No es exagerado decir que Monseñor Fellay ha obtenido más de lo que pedía Monseñor Lefebvre, sin tener, sin embargo, ni su prestigio ni su autoridad moral.
Entonces, ¿debemos ser aún más exigentes que Monseñor Lefebvre y que Monseñor Fellay?
Sea lo que sea del estado de Roma, de todo lo que queda aún de inquietante en Roma, ¡el simple sentido común y la honestidad nos deberían llevar a considerar la situación actual con una mirada diferente de la de 1988! Para retomar la fórmula de uno de nuestros obispos: «¡no debemos hacer ochenta y ochismo”!

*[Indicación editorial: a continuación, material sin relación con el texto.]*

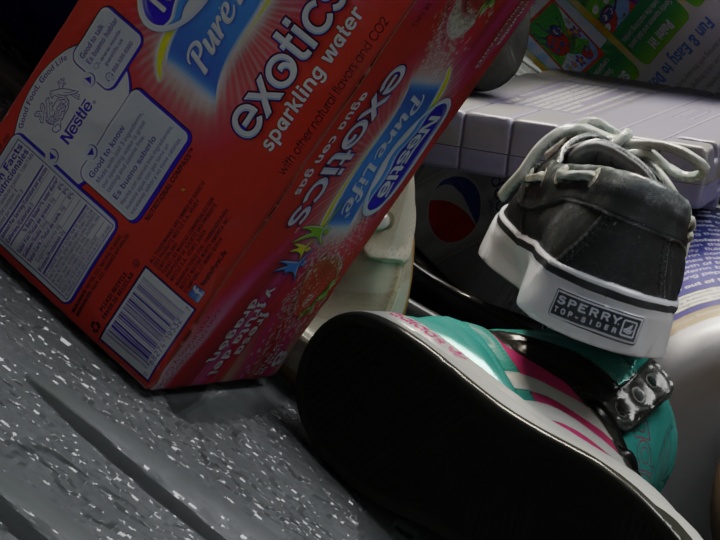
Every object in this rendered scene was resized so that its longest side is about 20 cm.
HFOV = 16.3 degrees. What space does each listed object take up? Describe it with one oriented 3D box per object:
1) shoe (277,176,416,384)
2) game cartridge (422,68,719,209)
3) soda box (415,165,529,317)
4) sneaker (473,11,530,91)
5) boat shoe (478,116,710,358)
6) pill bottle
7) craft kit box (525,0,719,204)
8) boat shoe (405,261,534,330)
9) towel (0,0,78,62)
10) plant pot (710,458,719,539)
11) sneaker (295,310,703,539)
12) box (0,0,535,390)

No estamos más en 1975 con Pablo VI, ni en 1988 con Juan Pablo II, sino en 2012 con Benedicto XVI.
Que me digan cuanto quieran que el estado de la Iglesia es todavía muy preocupante, que nuestro Papa tiene una teología a veces extraña, etc.… lo hemos dicho ya lo suficiente, me parece; pero que no me digan que el estado de las cosas es el mismo que en 1988, incluso peor. Esto sería contrario a la realidad y a la verdad, y no puede ser sino el efecto de un rechazo más o menos secreto de toda reconciliación con Roma, tal vez incluso de una falta de fe en la santidad de la Iglesia, compuesta de pobres pecadores, pero siempre gobernada por su cabeza Jesucristo y santificada por el Espíritu Santo.
La Fraternidad San Pío X no es la Iglesia y ella no puede “respetar el legado de su fundador” si no es conservando su espíritu, su amor a la Iglesia y su deseo de servirla como hija amorosa, en la fidelidad a sus bendiciones fundadoras.

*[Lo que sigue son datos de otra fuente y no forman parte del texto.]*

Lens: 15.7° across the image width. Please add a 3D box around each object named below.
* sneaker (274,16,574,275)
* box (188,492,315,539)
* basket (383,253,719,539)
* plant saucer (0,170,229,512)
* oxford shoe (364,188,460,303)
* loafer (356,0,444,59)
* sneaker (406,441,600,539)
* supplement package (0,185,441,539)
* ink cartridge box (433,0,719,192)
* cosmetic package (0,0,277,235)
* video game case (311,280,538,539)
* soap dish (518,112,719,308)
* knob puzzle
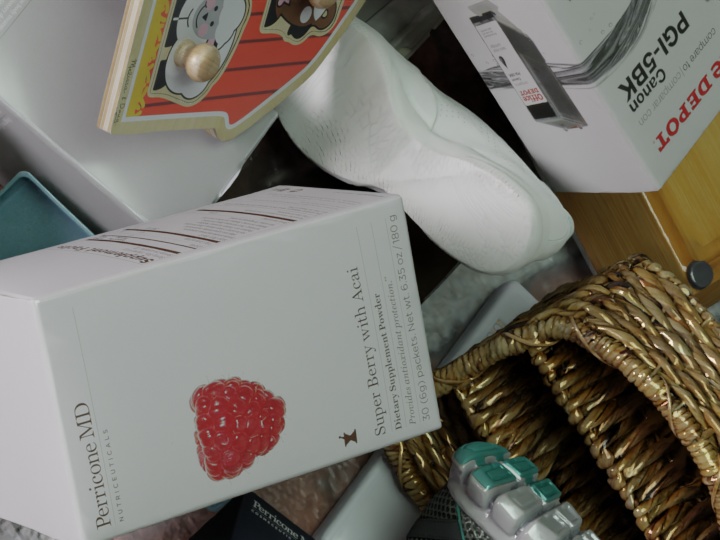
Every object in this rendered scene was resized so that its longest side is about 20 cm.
[{"bbox_3d":[0.032,-0.071,1.411,0.200,0.075,0.088,44,25,17],"label":"sneaker"},{"bbox_3d":[-0.014,0.225,1.311,0.200,0.079,0.141,38,25,-14],"label":"box"},{"bbox_3d":[0.133,0.113,1.386,0.149,0.143,0.200,-31,92,-31],"label":"basket"},{"bbox_3d":[-0.122,0.036,1.350,0.200,0.070,0.019,44,20,-12],"label":"plant saucer"},{"bbox_3d":[0.000,0.000,1.406,0.200,0.084,0.073,-32,92,-31],"label":"oxford shoe"},{"bbox_3d":[0.045,-0.192,1.458,0.070,0.070,0.200,43,82,-12],"label":"loafer"},{"bbox_3d":[0.100,0.184,1.345,0.200,0.091,0.078,48,24,14],"label":"sneaker"},{"bbox_3d":[-0.082,0.041,1.250,0.200,0.120,0.121,-17,103,-30],"label":"supplement package"},{"bbox_3d":[0.121,-0.160,1.379,0.147,0.083,0.200,-51,122,-27],"label":"ink cartridge box"},{"bbox_3d":[-0.155,-0.098,1.351,0.200,0.090,0.107,44,61,-14],"label":"cosmetic package"},{"bbox_3d":[0.093,0.136,1.454,0.182,0.024,0.200,44,62,-11],"label":"video game case"},{"bbox_3d":[0.180,-0.078,1.519,0.157,0.081,0.200,-29,93,-30],"label":"soap dish"},{"bbox_3d":[-0.036,-0.153,1.295,0.030,0.220,0.220,28,57,29],"label":"knob puzzle"}]

No sé si todos se dan cuenta del peso de esta decisión, que no pertenece más que a Monseñor Fellay; decisión que le fue confiada nuevamente por nuestros superiores reunidos en Albano en octubre pasado; decisión madurada con sus Asistentes: ¿qué espera la Iglesia de la Fraternidad en el año 2012? ¿Cómo debe la Fraternidad responder a las “necesidades” de la Iglesia hoy en día?
Esto requiere una virtud de prudencia altamente sobrenatural, a un grado que ninguno de nosotros tiene la gracia de lograr, ya que esto está fuera de nuestra competencia y de nuestra responsabilidad.
Sólo Monseñor Fellay y sus Asistentes, teniendo por definición la totalidad de las cartas en la mano, pueden juzgar lo más apropiadamente la situación actual.
La pregunta que cada uno debe hacerse es más bien la de nuestra benevolencia hacia la autoridad y sobre todo de nuestra confianza en ella.
He aquí doce años que Monseñor Fellay argumenta con Roma, con altos y bajos, para llegar finalmente a los resultados citados anteriormente, e incluso a este resultado sorprendente, que tal vez nadie ha destacado: estas discusiones doctrinales, que no han hecho ningún ruido en la plaza pública y que nos han permitido decirle a Roma lo que pensamos…, ¡al punto de hacerlas terminar “en queue de poisson”! (Nota: en cola de pescado, locución que significa: de manera abrupta e insatisfactoria, sin alcanzar las consecuencia deseadas).
Y, sin embargo, qué no hemos oído hablar respecto del silencio de los superiores en torno de estas discusiones y de los documentos intercambiados en los últimos meses y su gran discreción por respeto por Roma y el Santo Padre, interpretado como una forma de disimulación, incluso un comienzo de compromiso. ¿Cómo se puede dudar de la rectitud de nuestros superiores de manera tan gratuita y arbitraria?
Nadie conoce todavía la conclusión que Benedicto XVI querrá dar a estos doce años de trabajo lento, de búsqueda de una mejor comprensión, de oraciones y rosarios acumulados.
Ha llegado el momento de la oración, como nos invita Monseñor Fellay, y de la confianza en la Iglesia.
La Virgen Inmaculada, que vamos a honrar especialmente durante este mes de mayo, sabrá obtenernos todas las gracias necesarias, si no queremos nada más que la victoria de su Hijo y de la Iglesia.